**Task instructions**
Copy nothing but the line with "#1 small box [635,295,807,366]" and the lines that follow it to the end of the entries below, and keep the pictures out.

**Data listing**
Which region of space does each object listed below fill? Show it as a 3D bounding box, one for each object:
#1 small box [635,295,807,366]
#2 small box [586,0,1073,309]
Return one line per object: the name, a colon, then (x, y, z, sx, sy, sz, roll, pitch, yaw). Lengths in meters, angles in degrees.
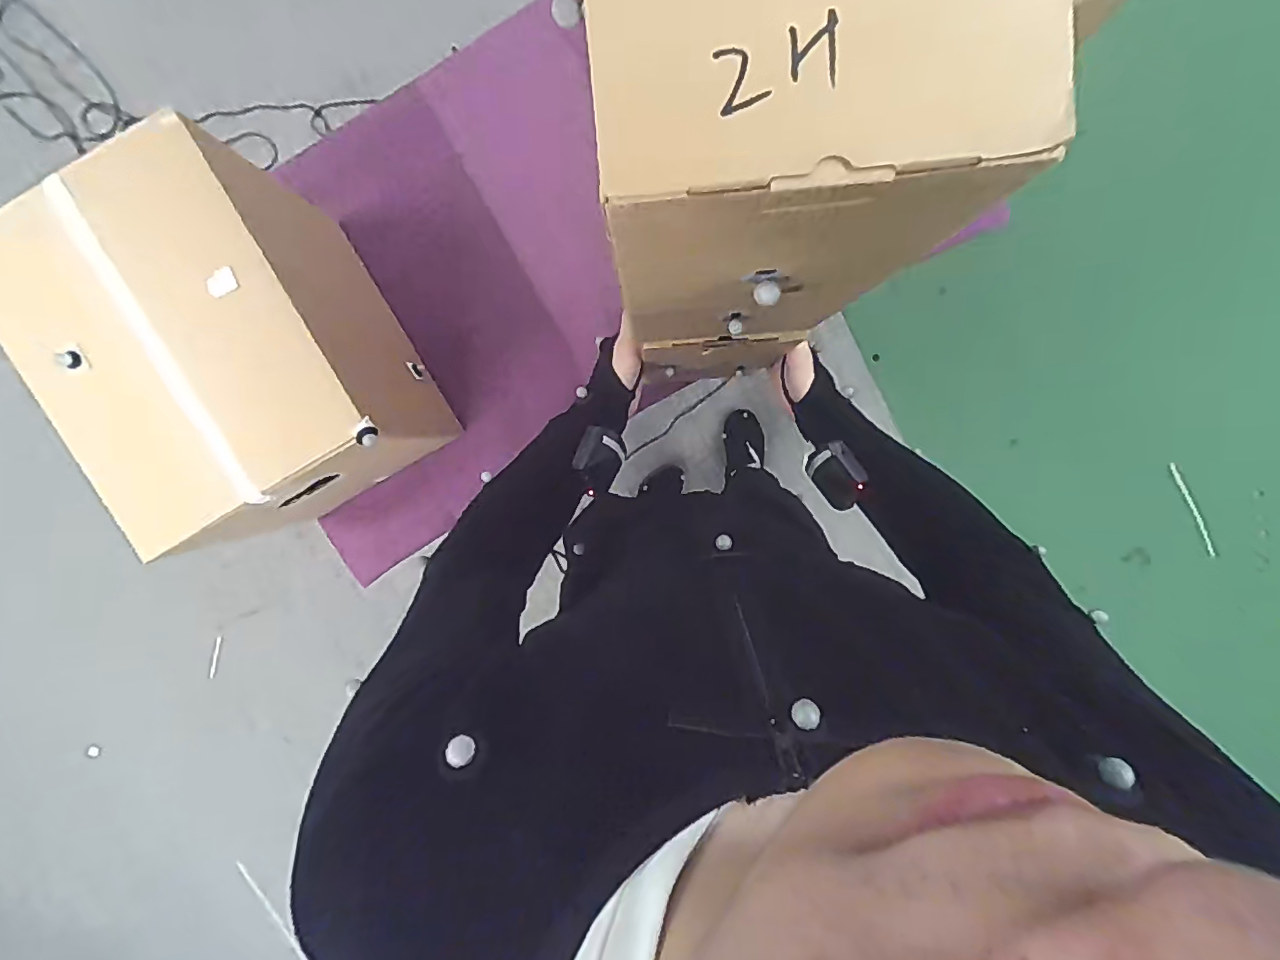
small box: (0.078, -0.221, 0.589, 0.168, 0.176, 0.179, -2, 94, 1)
small box: (0.063, -0.195, 0.262, 0.168, 0.176, 0.179, -4, 95, 2)

**Answer to the problem**
#1 small box [635,295,807,366]
#2 small box [586,0,1073,309]
Return one line per object: the name, a colon, then (x, y, z, sx, sy, sz, roll, pitch, yaw). Lengths in meters, angles in degrees.
small box: (0.078, -0.221, 0.589, 0.168, 0.176, 0.179, -2, 94, 1)
small box: (0.063, -0.195, 0.262, 0.168, 0.176, 0.179, -4, 95, 2)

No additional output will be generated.